First, let’s make our offspring model
m_offspring <- lm(age~offspring, data=train)
summary(m_offspring)
##
## Call:
## lm(formula = age ~ offspring, data = train)
##
## Residuals:
## Min 1Q Median 3Q Max
## -30.248 -6.241 -1.241 4.845 76.120
##
## Coefficients:
## Estimate Std.
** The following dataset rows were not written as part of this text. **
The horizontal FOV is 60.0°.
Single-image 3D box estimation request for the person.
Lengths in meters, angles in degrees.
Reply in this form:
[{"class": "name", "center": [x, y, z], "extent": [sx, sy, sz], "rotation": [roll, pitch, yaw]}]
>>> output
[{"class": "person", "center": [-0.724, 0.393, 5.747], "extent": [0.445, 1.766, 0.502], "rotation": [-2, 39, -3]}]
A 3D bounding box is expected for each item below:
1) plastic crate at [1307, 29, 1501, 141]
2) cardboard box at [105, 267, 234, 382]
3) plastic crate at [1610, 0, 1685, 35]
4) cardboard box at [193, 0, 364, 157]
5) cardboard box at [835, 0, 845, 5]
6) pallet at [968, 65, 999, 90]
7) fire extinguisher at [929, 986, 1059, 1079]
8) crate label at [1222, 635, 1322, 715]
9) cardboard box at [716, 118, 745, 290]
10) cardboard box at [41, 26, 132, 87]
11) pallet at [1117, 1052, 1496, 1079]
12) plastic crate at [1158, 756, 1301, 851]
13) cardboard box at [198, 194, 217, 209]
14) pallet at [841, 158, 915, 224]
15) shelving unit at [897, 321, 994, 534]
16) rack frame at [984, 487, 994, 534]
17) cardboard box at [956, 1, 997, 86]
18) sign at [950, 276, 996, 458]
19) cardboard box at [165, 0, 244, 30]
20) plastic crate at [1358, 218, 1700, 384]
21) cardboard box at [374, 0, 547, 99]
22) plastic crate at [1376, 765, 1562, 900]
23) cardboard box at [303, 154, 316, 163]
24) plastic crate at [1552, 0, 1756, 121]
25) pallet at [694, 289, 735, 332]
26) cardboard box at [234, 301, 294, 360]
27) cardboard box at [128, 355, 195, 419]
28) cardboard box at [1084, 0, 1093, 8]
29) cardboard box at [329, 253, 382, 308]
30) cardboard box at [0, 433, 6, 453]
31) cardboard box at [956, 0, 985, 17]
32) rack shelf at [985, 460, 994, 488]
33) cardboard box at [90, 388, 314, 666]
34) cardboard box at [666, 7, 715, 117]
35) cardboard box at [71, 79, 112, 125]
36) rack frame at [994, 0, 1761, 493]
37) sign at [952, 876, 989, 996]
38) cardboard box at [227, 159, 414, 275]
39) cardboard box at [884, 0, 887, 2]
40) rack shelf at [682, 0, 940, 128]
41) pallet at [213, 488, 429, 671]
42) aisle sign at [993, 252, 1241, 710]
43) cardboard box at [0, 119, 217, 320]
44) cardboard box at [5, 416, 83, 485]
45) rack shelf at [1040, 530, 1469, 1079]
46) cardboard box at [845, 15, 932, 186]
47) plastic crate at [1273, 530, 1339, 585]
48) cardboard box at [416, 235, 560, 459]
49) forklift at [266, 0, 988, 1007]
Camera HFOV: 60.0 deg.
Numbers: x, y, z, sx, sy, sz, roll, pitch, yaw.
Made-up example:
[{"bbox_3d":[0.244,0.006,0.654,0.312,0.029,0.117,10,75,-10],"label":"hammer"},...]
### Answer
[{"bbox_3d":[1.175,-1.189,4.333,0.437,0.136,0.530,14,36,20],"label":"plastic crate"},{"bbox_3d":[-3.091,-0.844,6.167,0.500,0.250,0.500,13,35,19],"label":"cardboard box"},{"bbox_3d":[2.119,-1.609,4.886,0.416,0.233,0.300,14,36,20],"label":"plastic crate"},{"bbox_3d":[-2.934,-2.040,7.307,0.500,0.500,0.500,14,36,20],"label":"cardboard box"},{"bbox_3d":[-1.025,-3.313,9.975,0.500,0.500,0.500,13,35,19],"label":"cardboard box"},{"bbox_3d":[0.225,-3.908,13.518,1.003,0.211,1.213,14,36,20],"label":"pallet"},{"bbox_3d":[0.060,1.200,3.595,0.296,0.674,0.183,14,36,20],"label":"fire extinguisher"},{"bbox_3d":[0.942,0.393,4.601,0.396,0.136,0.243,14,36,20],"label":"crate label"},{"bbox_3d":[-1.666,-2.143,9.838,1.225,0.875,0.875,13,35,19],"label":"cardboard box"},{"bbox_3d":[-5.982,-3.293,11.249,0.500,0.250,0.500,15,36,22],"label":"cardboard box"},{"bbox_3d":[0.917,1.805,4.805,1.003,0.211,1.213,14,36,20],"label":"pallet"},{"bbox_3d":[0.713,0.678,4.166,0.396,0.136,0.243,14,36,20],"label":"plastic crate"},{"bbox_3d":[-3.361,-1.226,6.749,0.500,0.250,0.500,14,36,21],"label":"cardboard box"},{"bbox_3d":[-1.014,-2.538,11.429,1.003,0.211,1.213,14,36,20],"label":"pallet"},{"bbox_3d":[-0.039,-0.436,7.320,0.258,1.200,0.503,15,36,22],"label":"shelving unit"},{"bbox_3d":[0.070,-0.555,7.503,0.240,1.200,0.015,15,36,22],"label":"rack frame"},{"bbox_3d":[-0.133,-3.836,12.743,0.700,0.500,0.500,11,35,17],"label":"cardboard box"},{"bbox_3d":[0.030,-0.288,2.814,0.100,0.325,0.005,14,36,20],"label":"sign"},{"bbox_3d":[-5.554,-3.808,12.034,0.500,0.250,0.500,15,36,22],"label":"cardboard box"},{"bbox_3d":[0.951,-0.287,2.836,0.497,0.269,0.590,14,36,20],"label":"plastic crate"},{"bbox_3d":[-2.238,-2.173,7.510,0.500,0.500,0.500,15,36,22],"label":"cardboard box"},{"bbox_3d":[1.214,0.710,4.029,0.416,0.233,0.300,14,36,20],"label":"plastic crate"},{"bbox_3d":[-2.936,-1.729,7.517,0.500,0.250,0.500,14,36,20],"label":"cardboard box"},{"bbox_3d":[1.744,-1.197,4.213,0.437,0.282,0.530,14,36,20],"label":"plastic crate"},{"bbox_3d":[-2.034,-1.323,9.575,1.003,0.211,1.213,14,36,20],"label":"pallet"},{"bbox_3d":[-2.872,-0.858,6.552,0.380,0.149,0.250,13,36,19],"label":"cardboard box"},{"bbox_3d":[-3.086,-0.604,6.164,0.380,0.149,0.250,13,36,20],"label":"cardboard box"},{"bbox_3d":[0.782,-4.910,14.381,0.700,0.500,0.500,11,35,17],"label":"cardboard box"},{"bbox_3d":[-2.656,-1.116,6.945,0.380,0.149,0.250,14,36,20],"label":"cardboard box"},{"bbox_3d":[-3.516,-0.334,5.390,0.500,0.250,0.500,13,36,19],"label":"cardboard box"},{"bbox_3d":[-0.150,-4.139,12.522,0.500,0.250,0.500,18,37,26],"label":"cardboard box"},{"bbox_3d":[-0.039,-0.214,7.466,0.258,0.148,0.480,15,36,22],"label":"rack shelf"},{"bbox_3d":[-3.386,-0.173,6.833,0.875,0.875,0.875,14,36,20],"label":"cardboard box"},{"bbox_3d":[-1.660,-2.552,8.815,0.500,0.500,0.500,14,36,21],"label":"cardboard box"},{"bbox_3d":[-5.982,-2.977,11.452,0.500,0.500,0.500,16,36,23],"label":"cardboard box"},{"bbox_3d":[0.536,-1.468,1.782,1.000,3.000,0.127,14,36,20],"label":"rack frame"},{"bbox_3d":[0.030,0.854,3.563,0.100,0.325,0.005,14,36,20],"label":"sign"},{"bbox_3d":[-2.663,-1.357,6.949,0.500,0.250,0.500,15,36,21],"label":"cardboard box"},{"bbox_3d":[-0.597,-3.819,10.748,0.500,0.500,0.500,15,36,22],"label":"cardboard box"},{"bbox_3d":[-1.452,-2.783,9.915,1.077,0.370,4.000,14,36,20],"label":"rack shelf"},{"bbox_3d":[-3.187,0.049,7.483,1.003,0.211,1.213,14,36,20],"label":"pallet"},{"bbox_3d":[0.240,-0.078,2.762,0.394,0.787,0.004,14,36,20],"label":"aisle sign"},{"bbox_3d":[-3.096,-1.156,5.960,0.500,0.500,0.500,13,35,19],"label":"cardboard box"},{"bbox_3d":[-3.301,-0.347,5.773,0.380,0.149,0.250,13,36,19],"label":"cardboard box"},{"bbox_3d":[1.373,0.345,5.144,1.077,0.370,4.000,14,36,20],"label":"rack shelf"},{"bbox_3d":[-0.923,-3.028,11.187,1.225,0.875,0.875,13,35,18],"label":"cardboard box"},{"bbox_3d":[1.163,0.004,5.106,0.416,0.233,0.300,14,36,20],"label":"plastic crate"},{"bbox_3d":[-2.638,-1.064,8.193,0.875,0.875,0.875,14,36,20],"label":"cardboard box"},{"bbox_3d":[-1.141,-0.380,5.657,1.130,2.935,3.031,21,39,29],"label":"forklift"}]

Error
## (Intercept) 30.24116 0.14340
## offspringdoesn't have kids, and doesn't want any 2.28488 0.39611
## offspringdoesn't have kids, but might want them 0.56973 0.24682
## offspringdoesn't have kids, but wants them -0.08616 0.25687
## offspringdoesn't want kids 5.05769 0.27141
## offspringhas a kid 12.70280 0.32433
## offspringhas a kid, and might want more 6.01355 0.87260
## offspringhas a kid, and wants more 0.73181 1.46391
## offspringhas a kid, but doesn't want more 19.00711 0.74977
## offspringhas kids 18.04957 0.32279
## offspringhas kids, and might want more 7.46059 1.18250
## offspringhas kids, and wants more 2.29730 2.46200
## offspringhas kids, but doesn't want more 19.45148 0.60044
## offspringmight want kids 2.63927 0.93497
## offspringwants kids 0.65484 0.80549
## t value Pr(>|t|)
## (Intercept) 210.888 < 2e-16 ***
## offspringdoesn't have kids, and doesn't want any 5.768 8.20e-09 ***
## offspringdoesn't have kids, but might want them 2.308 0.02100 *
## offspringdoesn't have kids, but wants them -0.335 0.73732
## offspringdoesn't want kids 18.635 < 2e-16 ***
## offspringhas a kid 39.167 < 2e-16 ***
## offspringhas a kid, and might want more 6.892 5.79e-12 ***
## offspringhas a kid, and wants more 0.500 0.61715
## offspringhas a kid, but doesn't want more 25.351 < 2e-16 ***
## offspringhas kids 55.917 < 2e-16 ***
## offspringhas kids, and might want more 6.309 2.90e-10 ***
## offspringhas kids, and wants more 0.933 0.35078
## offspringhas kids, but doesn't want more 32.395 < 2e-16 ***
## offspringmight want kids 2.823 0.00477 **
## offspringwants kids 0.813 0.41625
## ---
## Signif. codes: 0 '***' 0.001 '**' 0.01 '*' 0.05 '.' 0.1 ' ' 1
##
## Residual standard error: 8.862 on 12207 degrees of freedom
## (17751 observations deleted due to missingness)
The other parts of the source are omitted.